Read it while awake, read it while alert, read it when you have time and quiet to enjoy the pure music of James' prose, for at least to me, that is the beauty of Washington Square.

Rating: 4 stars
Summary: Disturbingly Good
Review: I rated this James work a 4 based upon recent completion of "The Portrait of a Lady" which I hold as a 5. Disturbingly good was the impression I have of the novel. I was intensely disturbed by the characterization of a lovely women as less than smart, and less than fair in appearance. The description of Catherine, none the lacking due to Jame's gift of portraiture, made an impression on me. She became depicted in my mind's eye not as a homely dolt as her father chose to describe her, but instead a woman worthy of many, and owner of a beauty that many would consider cozy and warm. Her growth from a child to a woman of stature, and stolid grace only enhanced her beauty to me as the book progressed to it's end. She became the embodiment of an independent, not unlike Isabelle Archer in "The Portrait of a Lady." Isabelle Archer, in seeking the recapture of her independence could only have done better by knowing and reproducing the manner in which Catherine Sloper gained her's. Independence in both characters was ultimately pure, and gained through they're own hands, but Catherine's if possible, was enhanced simply because she lacked the millstone of a husband during her quest for true unadultrated independent freedom of character.

Rating: 4 stars
Summary: For a school book it was pretty good
Review: I thought Washington Square was well written, but lacked a "good" ending. I felt Catherine was slighted by not getting a husband and growing to be an old maid. Besides this, the book was good. There were characters you loved to hate and it was a novel for all those feminists to hate. Since I had to read this for a book project at school, I couldn't really get into it because of the thoughts of impending essay to be written on it.

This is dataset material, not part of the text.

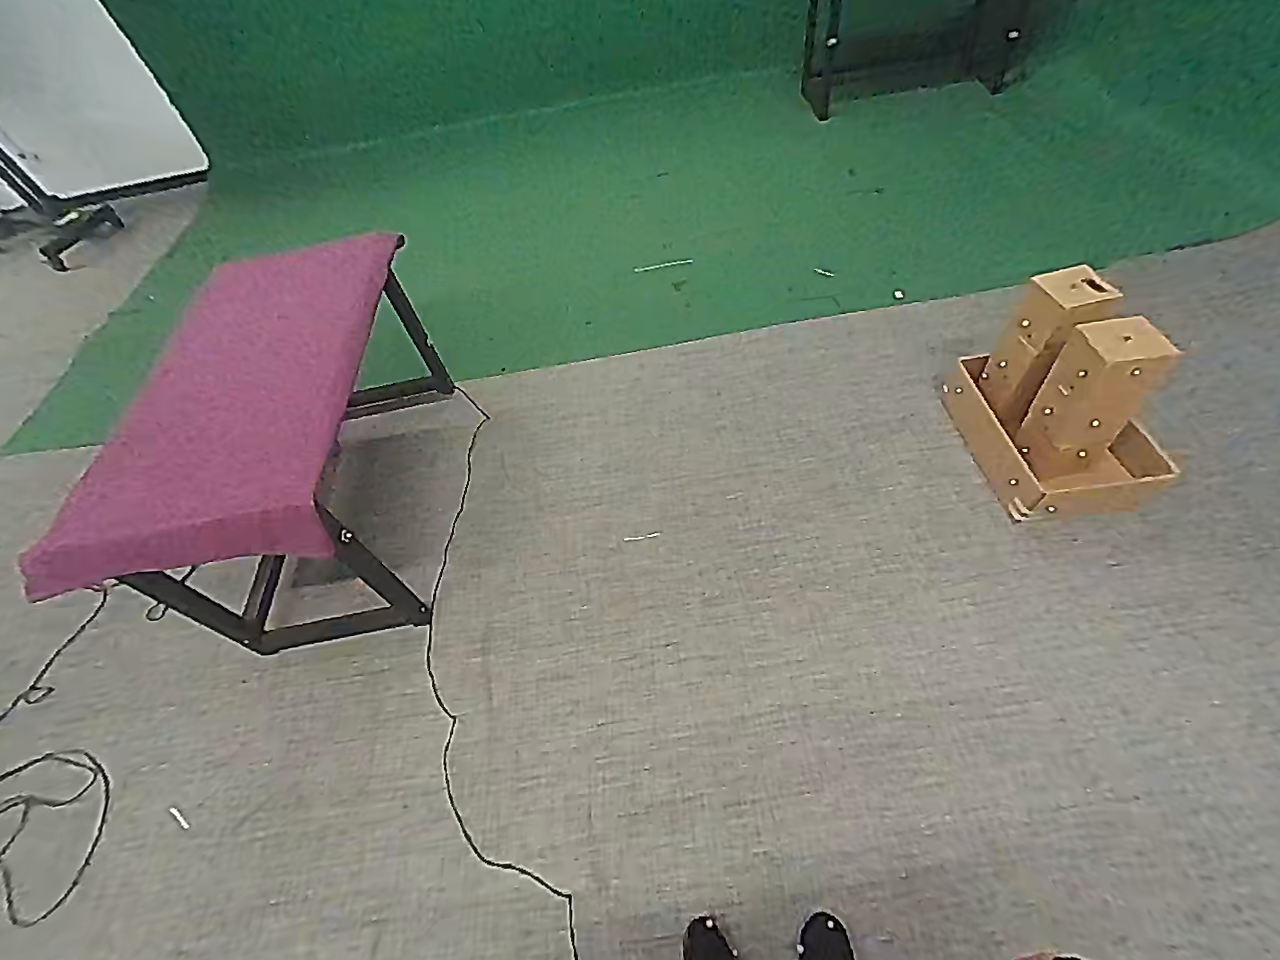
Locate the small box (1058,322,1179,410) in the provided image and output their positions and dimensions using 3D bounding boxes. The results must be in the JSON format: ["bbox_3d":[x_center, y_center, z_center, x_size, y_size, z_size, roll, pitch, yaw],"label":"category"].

All in all it was a good, not great, read.

Rating: 4 stars
Summary: See honey, Dad told you so
Review: In the hands of any other writer, "Washington Square" could have ended up being a simple soap-opera, as its subject is typical of that genre. Catherine Sloper is a rich heiress to a wealthy physician. Her mother has died and she lives with Dad and a spinster of an aunt, an almost Emma Bovary-kind of woman, constantly devising romantic affairs where only the crude reality is happening. Far from the verbosity of other of his works, James uses here a cold, dispassionate approach of high irony and deep psychological insight. Character-building is at the top, more remarkably so for so common and risky a subject. Catherine is not beautiful, but she's destined to become very rich, and then along comes Morris Townsend, a young man from a "good family", but poor and jobless. He is charming and good-looking, and of course shatters Catherine's small world apart with his gentlemanliness and his wit. Catherine falls in love with him, encouraged by the naïve and romantic aunt, who plays intermediary to the lovers. But Dr. Sloper, Catherine's father, is a much more worldly man than the two women. He is cold and astute, and immediately suspects what Morris is after -his money. This is no romantic novel, dreams won't come true, but only the hardets reality. James has written here an acute psychological story, a most realistic one for anyone who wants to read and understand.

Rating: 4 stars
Summary: Excellent introduction to James' "Middle Period"
Review: James wrote somewhere that his tales were often about the children of light being destroyed by the darkness. This moving tale of a plain, sweet girl's devotion to a worthless fortune-hunter and the strength and wisdom she finds too late is a powerful example of this theme. This is a novel less ornate, shorter, and easier to get through than some of the later masterpieces. An excellent introduction to James.

Rating: 5 stars
Summary: An austere little gem
Review: Often unjustly overlooked in the Jamesian canon, Washington Square achieves the almost impossible; it makes a character who possesses neither great beauty nor wit absolutely compelling. Although Catherine's fate is ultimately tragic, she does gain revenge on the two gentlemen who wrong her, albeit in a rather oblique way.